PROBLEM REQUIREMENTS
Could the records be returned exactly, with the pictures left out?

DATA SUPPLIED
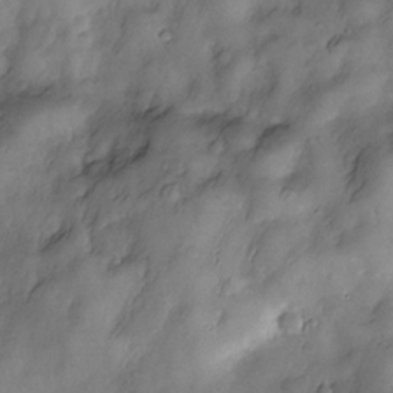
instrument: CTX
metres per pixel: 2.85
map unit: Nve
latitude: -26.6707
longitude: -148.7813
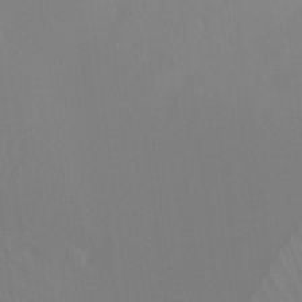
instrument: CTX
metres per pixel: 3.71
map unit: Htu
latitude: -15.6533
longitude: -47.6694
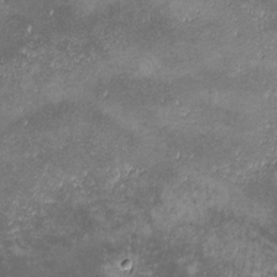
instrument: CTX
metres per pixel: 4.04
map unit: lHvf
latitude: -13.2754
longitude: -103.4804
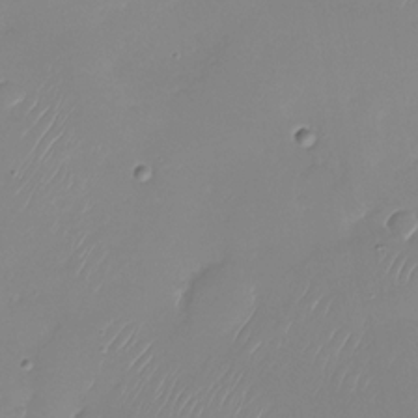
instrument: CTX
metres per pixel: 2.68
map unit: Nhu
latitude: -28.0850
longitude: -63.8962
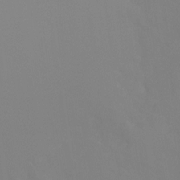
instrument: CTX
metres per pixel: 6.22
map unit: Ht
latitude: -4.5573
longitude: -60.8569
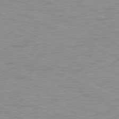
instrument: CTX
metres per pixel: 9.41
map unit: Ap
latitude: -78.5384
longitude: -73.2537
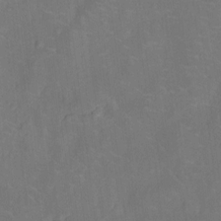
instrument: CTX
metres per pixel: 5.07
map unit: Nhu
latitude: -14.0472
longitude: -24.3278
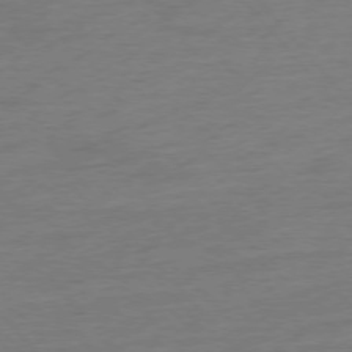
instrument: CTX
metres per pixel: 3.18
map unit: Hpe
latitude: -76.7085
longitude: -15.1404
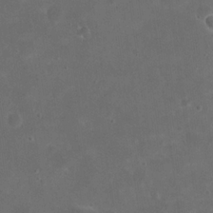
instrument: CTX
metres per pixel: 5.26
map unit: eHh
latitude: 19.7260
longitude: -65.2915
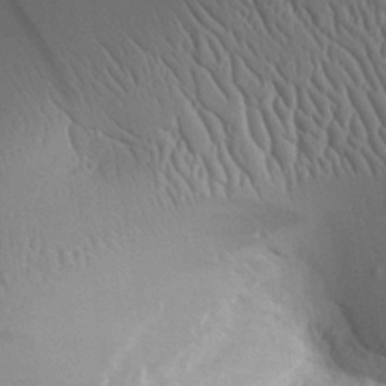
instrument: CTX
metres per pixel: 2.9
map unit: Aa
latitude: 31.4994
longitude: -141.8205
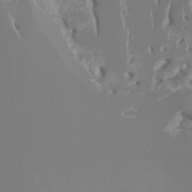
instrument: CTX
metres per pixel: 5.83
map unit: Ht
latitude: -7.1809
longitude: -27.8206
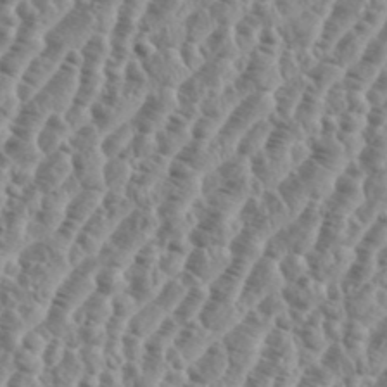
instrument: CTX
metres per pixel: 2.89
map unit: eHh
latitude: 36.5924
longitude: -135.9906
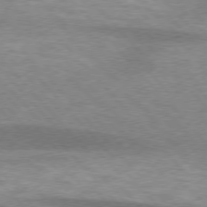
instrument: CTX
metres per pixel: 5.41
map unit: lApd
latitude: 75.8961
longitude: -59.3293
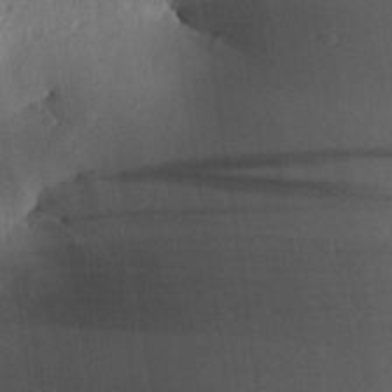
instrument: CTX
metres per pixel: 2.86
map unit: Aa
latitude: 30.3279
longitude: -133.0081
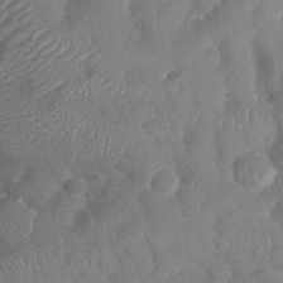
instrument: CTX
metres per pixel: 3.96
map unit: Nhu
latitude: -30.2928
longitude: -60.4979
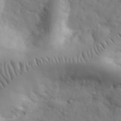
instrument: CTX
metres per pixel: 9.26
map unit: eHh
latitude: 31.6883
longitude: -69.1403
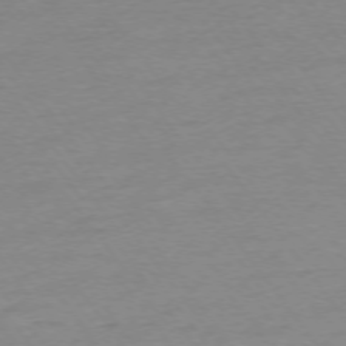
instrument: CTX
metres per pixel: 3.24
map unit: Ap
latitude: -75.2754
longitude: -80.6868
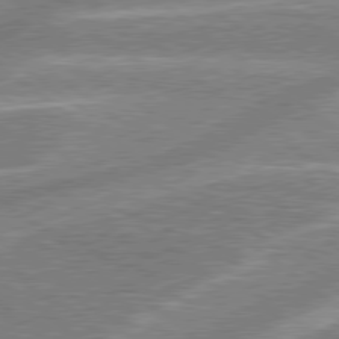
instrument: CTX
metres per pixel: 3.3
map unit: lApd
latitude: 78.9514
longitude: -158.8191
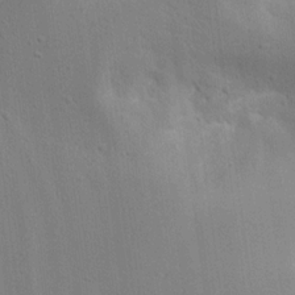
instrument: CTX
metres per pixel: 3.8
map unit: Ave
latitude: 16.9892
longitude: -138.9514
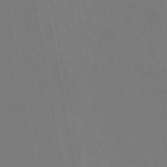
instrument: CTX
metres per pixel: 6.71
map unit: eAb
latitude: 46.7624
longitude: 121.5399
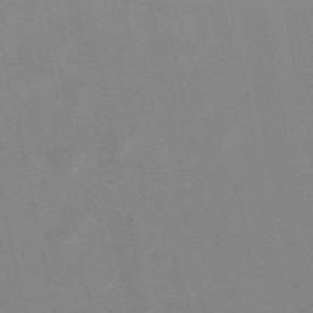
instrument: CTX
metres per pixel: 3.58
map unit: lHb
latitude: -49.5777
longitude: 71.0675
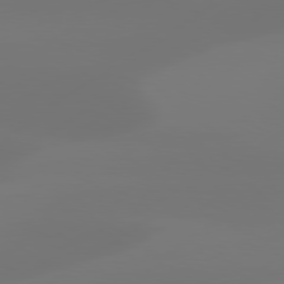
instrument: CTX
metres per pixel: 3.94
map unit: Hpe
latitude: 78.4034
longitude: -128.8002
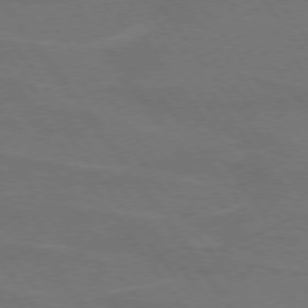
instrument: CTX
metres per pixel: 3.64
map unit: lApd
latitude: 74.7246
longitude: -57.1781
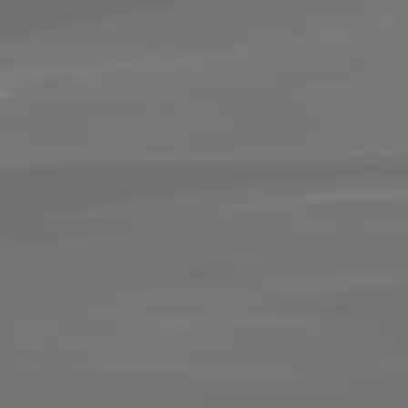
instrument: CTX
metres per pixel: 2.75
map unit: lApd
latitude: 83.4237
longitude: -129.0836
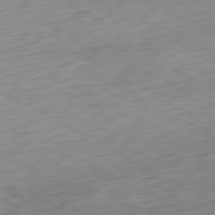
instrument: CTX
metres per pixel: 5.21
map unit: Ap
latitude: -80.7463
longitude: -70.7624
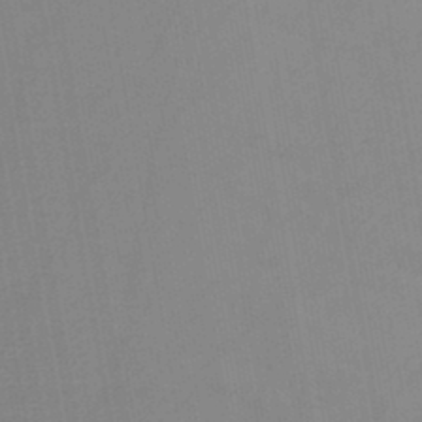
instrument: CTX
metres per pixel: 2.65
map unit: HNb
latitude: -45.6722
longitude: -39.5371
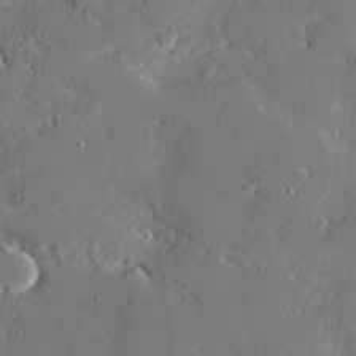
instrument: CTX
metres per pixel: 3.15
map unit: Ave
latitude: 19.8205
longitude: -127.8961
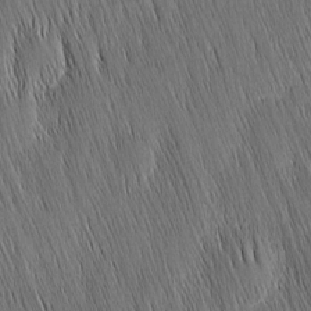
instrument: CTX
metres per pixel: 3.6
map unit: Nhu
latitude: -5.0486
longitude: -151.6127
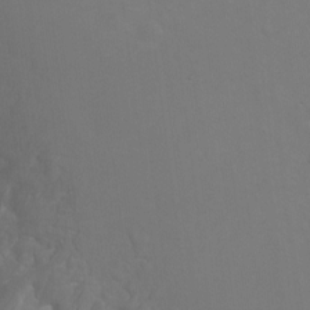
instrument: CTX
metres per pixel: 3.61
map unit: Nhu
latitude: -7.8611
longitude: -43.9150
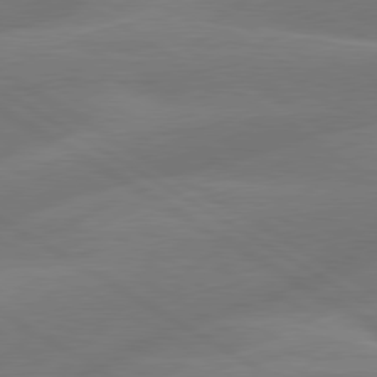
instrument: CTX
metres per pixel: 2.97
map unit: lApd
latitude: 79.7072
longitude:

TASK RESPONSE
instrument: CTX
metres per pixel: 2.85
map unit: Nve
latitude: -26.6707
longitude: -148.7813
instrument: CTX
metres per pixel: 3.71
map unit: Htu
latitude: -15.6533
longitude: -47.6694
instrument: CTX
metres per pixel: 4.04
map unit: lHvf
latitude: -13.2754
longitude: -103.4804
instrument: CTX
metres per pixel: 2.68
map unit: Nhu
latitude: -28.0850
longitude: -63.8962
instrument: CTX
metres per pixel: 6.22
map unit: Ht
latitude: -4.5573
longitude: -60.8569
instrument: CTX
metres per pixel: 9.41
map unit: Ap
latitude: -78.5384
longitude: -73.2537
instrument: CTX
metres per pixel: 5.07
map unit: Nhu
latitude: -14.0472
longitude: -24.3278
instrument: CTX
metres per pixel: 3.18
map unit: Hpe
latitude: -76.7085
longitude: -15.1404
instrument: CTX
metres per pixel: 5.26
map unit: eHh
latitude: 19.7260
longitude: -65.2915
instrument: CTX
metres per pixel: 2.9
map unit: Aa
latitude: 31.4994
longitude: -141.8205
instrument: CTX
metres per pixel: 5.83
map unit: Ht
latitude: -7.1809
longitude: -27.8206
instrument: CTX
metres per pixel: 2.89
map unit: eHh
latitude: 36.5924
longitude: -135.9906
instrument: CTX
metres per pixel: 5.41
map unit: lApd
latitude: 75.8961
longitude: -59.3293
instrument: CTX
metres per pixel: 2.86
map unit: Aa
latitude: 30.3279
longitude: -133.0081
instrument: CTX
metres per pixel: 3.96
map unit: Nhu
latitude: -30.2928
longitude: -60.4979
instrument: CTX
metres per pixel: 9.26
map unit: eHh
latitude: 31.6883
longitude: -69.1403
instrument: CTX
metres per pixel: 3.24
map unit: Ap
latitude: -75.2754
longitude: -80.6868
instrument: CTX
metres per pixel: 3.3
map unit: lApd
latitude: 78.9514
longitude: -158.8191
instrument: CTX
metres per pixel: 3.8
map unit: Ave
latitude: 16.9892
longitude: -138.9514
instrument: CTX
metres per pixel: 6.71
map unit: eAb
latitude: 46.7624
longitude: 121.5399
instrument: CTX
metres per pixel: 3.58
map unit: lHb
latitude: -49.5777
longitude: 71.0675
instrument: CTX
metres per pixel: 3.94
map unit: Hpe
latitude: 78.4034
longitude: -128.8002
instrument: CTX
metres per pixel: 3.64
map unit: lApd
latitude: 74.7246
longitude: -57.1781
instrument: CTX
metres per pixel: 2.75
map unit: lApd
latitude: 83.4237
longitude: -129.0836
instrument: CTX
metres per pixel: 5.21
map unit: Ap
latitude: -80.7463
longitude: -70.7624
instrument: CTX
metres per pixel: 2.65
map unit: HNb
latitude: -45.6722
longitude: -39.5371
instrument: CTX
metres per pixel: 3.15
map unit: Ave
latitude: 19.8205
longitude: -127.8961
instrument: CTX
metres per pixel: 3.6
map unit: Nhu
latitude: -5.0486
longitude: -151.6127
instrument: CTX
metres per pixel: 3.61
map unit: Nhu
latitude: -7.8611
longitude: -43.9150
instrument: CTX
metres per pixel: 2.97
map unit: lApd
latitude: 79.7072
longitude:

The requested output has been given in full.